Return each line, exactly as given, from the one containing "Next: the fork from (21, 317) to (68, 479)." through the end of the entries below, and skip the rest.

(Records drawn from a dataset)
====
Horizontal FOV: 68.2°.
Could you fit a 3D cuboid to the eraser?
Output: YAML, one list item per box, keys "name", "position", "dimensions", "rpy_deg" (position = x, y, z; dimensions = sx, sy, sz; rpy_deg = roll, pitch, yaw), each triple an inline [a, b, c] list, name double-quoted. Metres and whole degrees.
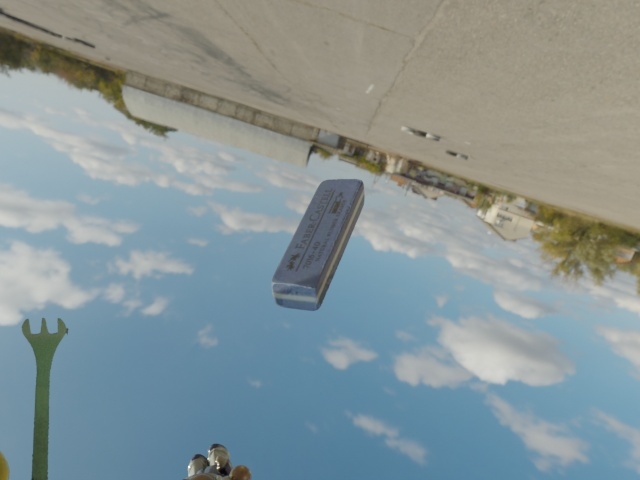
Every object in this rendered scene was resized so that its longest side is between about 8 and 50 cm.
- name: "eraser"
  position: [0.000, 0.000, 0.717]
  dimensions: [0.082, 0.224, 0.036]
  rpy_deg: [4, 145, 33]

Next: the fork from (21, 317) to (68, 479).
- name: "fork"
  position: [-0.226, 0.131, 0.389]
  dimensions: [0.039, 0.021, 0.235]
  rpy_deg: [2, -150, -31]

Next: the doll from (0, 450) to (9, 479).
- name: "doll"
  position: [-0.573, 0.342, 0.594]
  dimensions: [0.311, 0.242, 0.159]
  rpy_deg: [11, -147, -50]

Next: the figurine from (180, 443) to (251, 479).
- name: "figurine"
  position: [-0.213, 0.456, 0.811]
  dimensions: [0.194, 0.133, 0.274]
  rpy_deg: [-26, -177, -27]
====
**TASK OUTPUT**
Next: the fork from (21, 317) to (68, 479).
- name: "fork"
  position: [-0.226, 0.131, 0.389]
  dimensions: [0.039, 0.021, 0.235]
  rpy_deg: [2, -150, -31]

Next: the doll from (0, 450) to (9, 479).
- name: "doll"
  position: [-0.573, 0.342, 0.594]
  dimensions: [0.311, 0.242, 0.159]
  rpy_deg: [11, -147, -50]

Next: the figurine from (180, 443) to (251, 479).
- name: "figurine"
  position: [-0.213, 0.456, 0.811]
  dimensions: [0.194, 0.133, 0.274]
  rpy_deg: [-26, -177, -27]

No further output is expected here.